Interestingly, antibiotic prescription rates can vary widely by provider. One study looked at prescribing rates in the large urgent care network Intermountain Healthcare in Salt Lake City. Rates ranged from 3 percent to 94 percent for respiratory conditions, although the physicians were essentially working with the same population. Studies and data like this help physicians see where their prescribing rates are amiss. More clinics are also engaging in “antibiotic stewardship” programs to reduce misuse and overuse.

Dr. Park Willis is one of Intermountain Healthcare’s urgent care physicians prescribing the fewest antibiotics within the system. Willis says his approach stems from a generational difference to some degree; he graduated medical school in 2011 and says he benefited from more recent antibiotic-related research. Although Willis estimates around 40 percent to 50 percent of his patients come in with respiratory conditions, he says few need antibiotics to recover.

“Medicine created this problem,” Willis says. He notes that the oldest patients have antibiotics for decades for various ailments: “There’s a presumption that you need antibiotics to get better.” Many patients have experienced visiting a physician, taking antibiotics, and soon recovering. Willis believes that probably had more to do with the virus running its course than medication.

What patients can do

While misinformation circles COVID-19, antibiotics are infused with misunderstandings. “Even in the basic concept that antibiotics don’t work against viral infections, there’s room for improved patient understanding and ways for the general public to be part of the effort against misuse and overprescription,” Hyun says.

Patients under age 40 tend to be more receptive to discussions about viruses versus bacteria, Willis says. He takes time to explain the potential risks, especially to older patients who see antibiotics as a cure-all. Some antibiotics can cause rare but severe side effects, such as Achilles tendon rupture. Antibiotics can also cause allergic reactions and even infections with the bacteria C. difficile, which caused the deaths of at least 12,800 people in 2017, according to the CDC.

Willis says that science is just starting to understand how antibiotics affect the microbiome and our gut bacteria. For example, antibiotic interaction with the microbiome may contribute to obesity, allergies and type 2 diabetes.

Patients can assist in decreasing antibiotic misuse, overuse and resistance.
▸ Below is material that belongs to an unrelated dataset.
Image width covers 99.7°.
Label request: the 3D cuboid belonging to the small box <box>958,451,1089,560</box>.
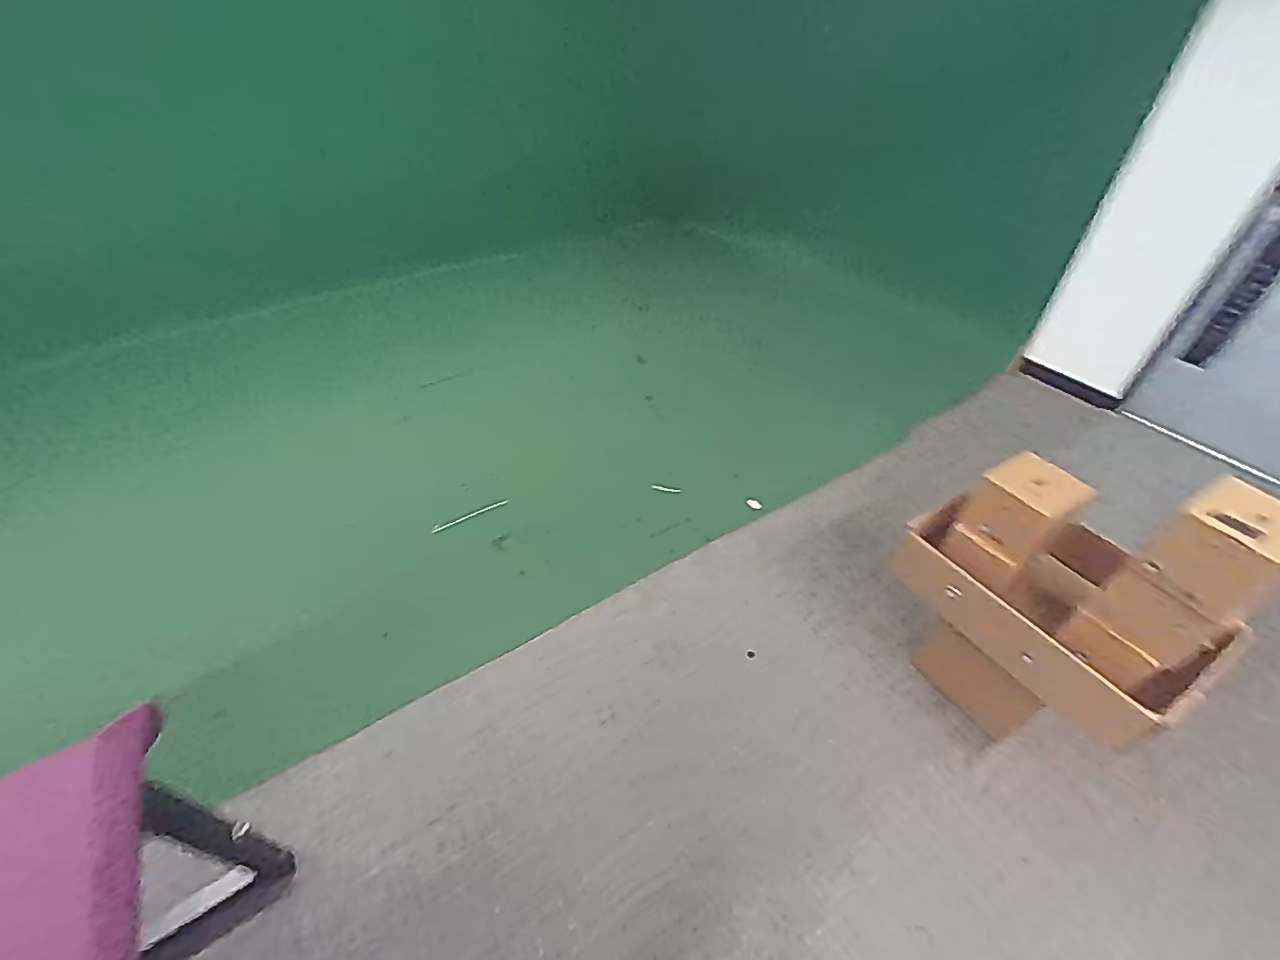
[{"bbox_3d":[0.920,0.062,1.316,0.179,0.176,0.168,-22,46,-20],"label":"small box"}]

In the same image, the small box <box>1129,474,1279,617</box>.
[{"bbox_3d":[1.078,0.124,1.010,0.179,0.176,0.168,-22,49,-21],"label":"small box"}]

Most physicians will likely assume you want antibiotics, Willis says. He offers a script for patients: “I’m not here to get antibiotics unless they’re necessary. But I’d like to better understand my symptoms, if there’s anything I can use to help, or something I need to worry about.”

“It’s important to advocate for yourself,” Willis says. “It can be helpful to let the doctor know what your expectations are for the visit, in the event they do not ask you directly.”

If a physician hands you a prescription for an antibiotic and you don’t understand why, ask if they can explain why you need an antibiotic. Ask about potential benefits and side effects, Hyun suggests.

“There are many cases where the benefits of antibiotics outweigh the risk,” Willis says. “But they are not a panacea every time you feel unwell.”